The solution, according to ACRE, would be increased regulation to ensure that restoration projects only fall to trained professionals. 

As great art requires a great patron, however, bad restorations are often made possible by negligent owners. Each one of these notorious restorations was undertaken with the acquiescence of the people responsible for the work. 

In the case of Cecilia Giménez’s efforts on the “Ecce Homo,” the octogenarian claimed that she acted on her own initiative, but in full view of the clergy in charge of the church. 

Bartolomé Esteban Murillo’s “The Immaculate Conception” and two "restored" versions. (Image via Twitter @ArtNet)

The private owner of “The Immaculate Conception” was apparently trying to save money when he hired a local furniture restorer — instead of a trained restorer — to fix the painting for an alleged 1,200 euro. 

The priest in the Spanish town of Estella who hired a “crafts group” to repair the St. George statue may have been trying to support locals as well as conserve funds, but the “unrestoration” proved quite costly at 34,000 euro. 

The author of “Mr. Potato Head” remains at large, with investigations pending to discover how the restoration was commissioned. One could argue that the real proponents of “Chapucismo” are the owners, not the executors.

Art is often deemed “priceless,” underscoring the happy convergence of genius, skill, and material to produce a unique work. Yet sadly, the stewards who are entrusted with the care of these objects sometimes look for conservation bargains to the detriment of their precious charges.

Great art costs money, as the builders of Chartres or the sponsors of timeless paintings would readily acknowledge. And when it comes to great art, the price tag can be remarkably high.

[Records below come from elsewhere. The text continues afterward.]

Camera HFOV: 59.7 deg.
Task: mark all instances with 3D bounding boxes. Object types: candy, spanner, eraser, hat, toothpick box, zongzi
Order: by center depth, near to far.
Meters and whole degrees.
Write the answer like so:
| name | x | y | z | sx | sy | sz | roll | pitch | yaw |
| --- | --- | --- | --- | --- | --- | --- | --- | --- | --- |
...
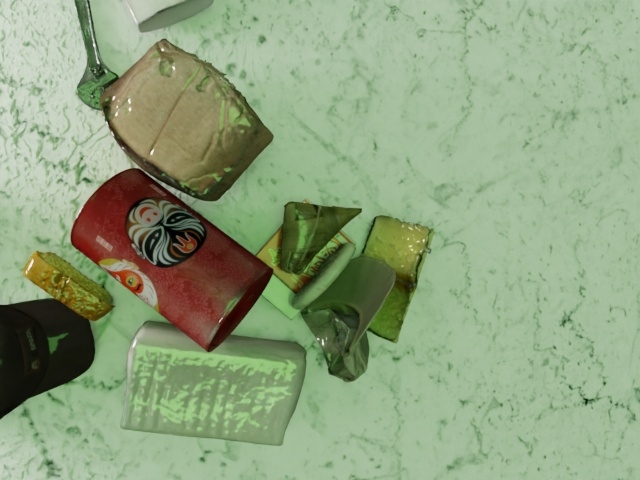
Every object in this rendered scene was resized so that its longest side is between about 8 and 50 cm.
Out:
| name | x | y | z | sx | sy | sz | roll | pitch | yaw |
| --- | --- | --- | --- | --- | --- | --- | --- | --- | --- |
| hat | -0.614 | 0.229 | 1.051 | 0.336 | 0.209 | 0.238 | -18 | 90 | -12 |
| toothpick box | -0.282 | 0.036 | 1.080 | 0.333 | 0.204 | 0.204 | 37 | 83 | 6 |
| eraser | -0.361 | -0.593 | 1.157 | 0.174 | 0.095 | 0.270 | -27 | 96 | -10 |
| candy | -0.220 | 0.298 | 1.160 | 0.359 | 0.145 | 0.208 | 11 | 88 | -10 |
| spanner | -0.490 | -0.430 | 1.168 | 0.093 | 0.026 | 0.325 | -12 | 91 | -10 |
| hat | 0.083 | 0.172 | 1.197 | 0.245 | 0.214 | 0.149 | -39 | 122 | -7 |
| zongzi | 0.000 | 0.000 | 1.205 | 0.176 | 0.078 | 0.160 | 6 | 94 | -20 |
| eraser | -0.050 | 0.042 | 1.247 | 0.157 | 0.038 | 0.230 | 42 | 82 | -9 |

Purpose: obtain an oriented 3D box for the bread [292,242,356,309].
| name | x | y | z | sx | sy | sz | roll | pitch | yaw |
| --- | --- | --- | --- | --- | --- | --- | --- | --- | --- |
| bread | 0.009 | 0.072 | 1.183 | 0.036 | 0.112 | 0.193 | 43 | 81 | -6 |

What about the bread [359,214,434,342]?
| name | x | y | z | sx | sy | sz | roll | pitch | yaw |
| --- | --- | --- | --- | --- | --- | --- | --- | --- | --- |
| bread | 0.159 | 0.086 | 1.253 | 0.178 | 0.142 | 0.266 | 20 | 88 | 31 |

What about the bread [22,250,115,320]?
| name | x | y | z | sx | sy | sz | roll | pitch | yaw |
| --- | --- | --- | --- | --- | --- | --- | --- | --- | --- |
| bread | -0.502 | 0.094 | 1.125 | 0.187 | 0.103 | 0.065 | 35 | 83 | -11 |

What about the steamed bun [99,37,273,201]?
| name | x | y | z | sx | sy | sz | roll | pitch | yaw |
| --- | --- | --- | --- | --- | --- | --- | --- | --- | --- |
| steamed bun | -0.262 | -0.238 | 1.134 | 0.301 | 0.199 | 0.251 | 42 | 100 | 0 |
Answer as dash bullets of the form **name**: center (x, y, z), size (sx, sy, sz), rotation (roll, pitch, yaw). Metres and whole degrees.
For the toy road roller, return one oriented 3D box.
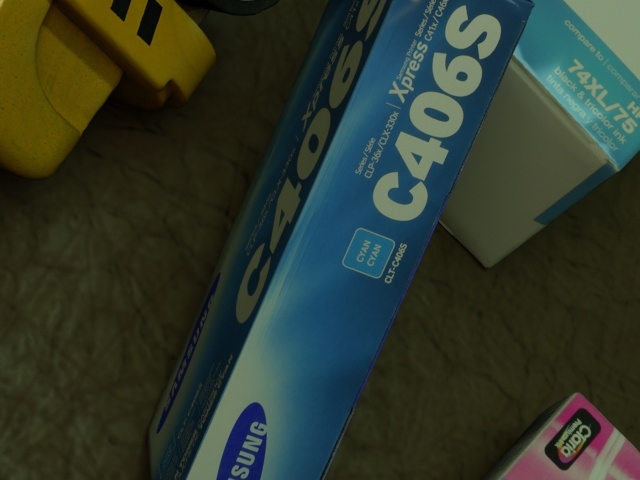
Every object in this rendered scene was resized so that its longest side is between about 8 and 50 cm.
- **toy road roller**: center (-0.189, -0.189, 1.000), size (0.329, 0.202, 0.240), rotation (44, 74, -41)

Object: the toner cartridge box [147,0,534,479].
- **toner cartridge box**: center (0.000, 0.000, 0.967), size (0.075, 0.165, 0.347), rotation (21, 101, -13)

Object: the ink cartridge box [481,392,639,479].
- **ink cartridge box**: center (0.228, 0.286, 1.054), size (0.371, 0.069, 0.176), rotation (46, 60, 1)

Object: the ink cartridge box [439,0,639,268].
- **ink cartridge box**: center (0.168, -0.160, 1.171), size (0.197, 0.198, 0.270), rotation (46, 62, 0)
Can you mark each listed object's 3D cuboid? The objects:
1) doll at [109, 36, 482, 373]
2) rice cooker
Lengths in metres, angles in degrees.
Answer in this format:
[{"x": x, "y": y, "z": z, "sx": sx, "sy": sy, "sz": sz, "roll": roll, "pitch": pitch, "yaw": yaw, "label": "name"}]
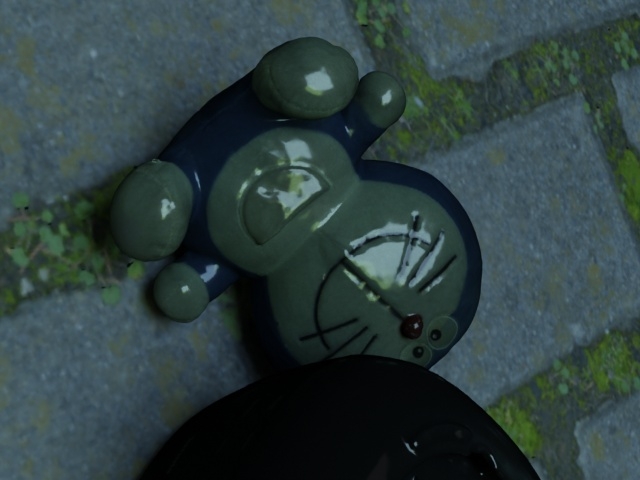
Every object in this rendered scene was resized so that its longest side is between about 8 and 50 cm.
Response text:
[{"x": 0.000, "y": 0.000, "z": 0.816, "sx": 0.228, "sy": 0.154, "sz": 0.258, "roll": -44, "pitch": 101, "yaw": -3, "label": "doll"}, {"x": 0.017, "y": 0.207, "z": 0.721, "sx": 0.267, "sy": 0.224, "sz": 0.267, "roll": 13, "pitch": 70, "yaw": -38, "label": "rice cooker"}]
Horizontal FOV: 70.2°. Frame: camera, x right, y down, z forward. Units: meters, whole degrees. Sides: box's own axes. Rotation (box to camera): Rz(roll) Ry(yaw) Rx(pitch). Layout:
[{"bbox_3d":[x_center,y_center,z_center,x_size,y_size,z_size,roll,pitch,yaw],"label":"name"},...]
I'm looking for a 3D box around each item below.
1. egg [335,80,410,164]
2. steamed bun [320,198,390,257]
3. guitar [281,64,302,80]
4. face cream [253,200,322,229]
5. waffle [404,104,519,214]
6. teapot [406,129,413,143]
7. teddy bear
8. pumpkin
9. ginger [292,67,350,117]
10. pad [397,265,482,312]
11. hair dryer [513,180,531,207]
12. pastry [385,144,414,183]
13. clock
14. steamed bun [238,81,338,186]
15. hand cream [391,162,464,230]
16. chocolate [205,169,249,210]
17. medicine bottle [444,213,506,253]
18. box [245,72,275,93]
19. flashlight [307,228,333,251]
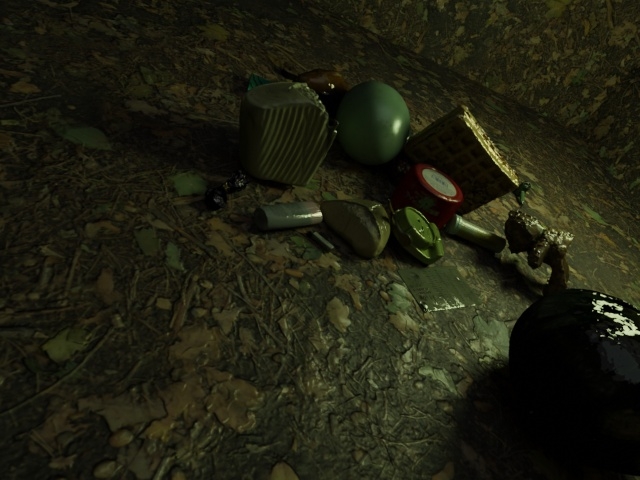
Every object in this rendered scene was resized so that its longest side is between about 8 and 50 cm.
[{"bbox_3d":[0.194,-0.441,1.705,0.276,0.276,0.388,17,39,-17],"label":"egg"},{"bbox_3d":[0.138,-0.053,1.363,0.231,0.110,0.212,-2,48,-32],"label":"steamed bun"},{"bbox_3d":[-0.046,-0.718,2.061,0.271,0.038,0.083,22,38,-6],"label":"guitar"},{"bbox_3d":[-0.089,-0.070,1.273,0.198,0.057,0.084,-8,52,-42],"label":"face cream"},{"bbox_3d":[0.528,-0.288,1.683,0.376,0.261,0.114,43,40,-18],"label":"waffle"},{"bbox_3d":[0.337,-0.440,1.945,0.108,0.111,0.149,28,40,21],"label":"teapot"},{"bbox_3d":[0.753,0.055,1.590,0.223,0.295,0.246,7,21,28],"label":"teddy bear"},{"bbox_3d":[0.680,0.325,1.092,0.455,0.344,0.454,22,40,-20],"label":"pumpkin"},{"bbox_3d":[0.030,-0.588,1.818,0.321,0.172,0.165,7,46,-44],"label":"ginger"},{"bbox_3d":[0.365,0.139,1.373,0.265,0.009,0.159,-1,46,-35],"label":"pad"},{"bbox_3d":[0.938,-0.206,2.120,0.047,0.071,0.150,26,53,-3],"label":"hair dryer"},{"bbox_3d":[0.312,-0.301,1.761,0.097,0.115,0.208,54,27,-28],"label":"pastry"},{"bbox_3d":[0.285,-0.037,1.428,0.232,0.069,0.170,34,35,-24],"label":"clock"},{"bbox_3d":[-0.125,-0.342,1.399,0.274,0.290,0.272,4,30,-20],"label":"steamed bun"},{"bbox_3d":[0.380,-0.156,1.611,0.230,0.149,0.230,21,36,-16],"label":"hand cream"},{"bbox_3d":[-0.257,-0.139,1.235,0.072,0.070,0.147,10,31,21],"label":"chocolate"},{"bbox_3d":[0.558,-0.021,1.639,0.218,0.074,0.073,23,37,-13],"label":"medicine bottle"},{"bbox_3d":[-0.179,-0.572,1.801,0.227,0.042,0.160,19,38,-16],"label":"box"},{"bbox_3d":[0.000,0.000,1.280,0.083,0.018,0.018,39,38,12],"label":"flashlight"}]
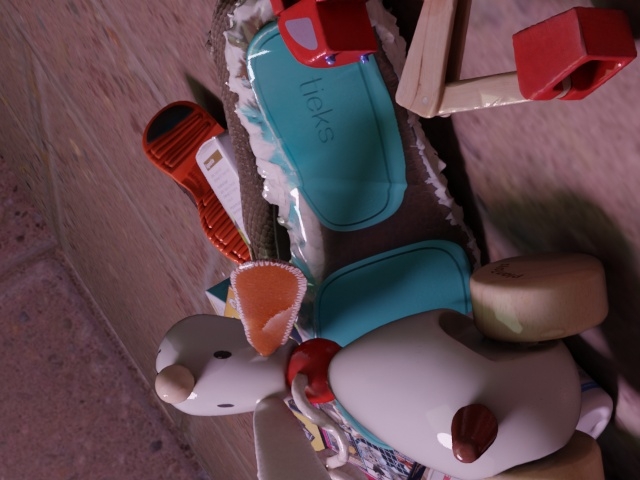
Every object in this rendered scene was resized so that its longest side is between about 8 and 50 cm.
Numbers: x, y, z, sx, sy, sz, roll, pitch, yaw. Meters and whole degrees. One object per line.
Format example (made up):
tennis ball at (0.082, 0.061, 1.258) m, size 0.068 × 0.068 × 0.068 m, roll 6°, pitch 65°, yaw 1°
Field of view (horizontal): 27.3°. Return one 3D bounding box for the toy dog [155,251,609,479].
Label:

St. Pope John Paul II was stymied at how to raise the $10 million needed to clean the Sistine Chapel in 1980, and was only able to get the ball rolling by selling the photographic rights to Nippon Television Company for $4.2 million. 

The attention drawn by the project brought about the creation of the Patrons of the Arts of the Vatican Museums, an association of benefactors who donate exclusively to the task of restoring the art in the papal collections. 

As a result, the Vatican Museums leads the world in art restoration for its extensive diagnostic testing, innovative approaches, ecological concern, and conservation integrity.

So far, the 21st century has shown itself to be unkind to art. There’s been rampant vandalism of churches and historic monuments, toppling of statues, and a rejection of the magnificent parade of masterpieces of western art under the auspices of political correctness. 

Perhaps the “Ecce Mono” best sums up our present era, where people take more delight in laughing at a damaged image of Christ than in him. Indeed, “Chapucismo” may be the perfect movement to represent our age — sloppy in stewardship as well as faith.

If so, the remedy may also be the same. A recovery of appreciation for the treasures of the Christian faith may well lead to a reevaluation of the rich history and legacy of Christian art.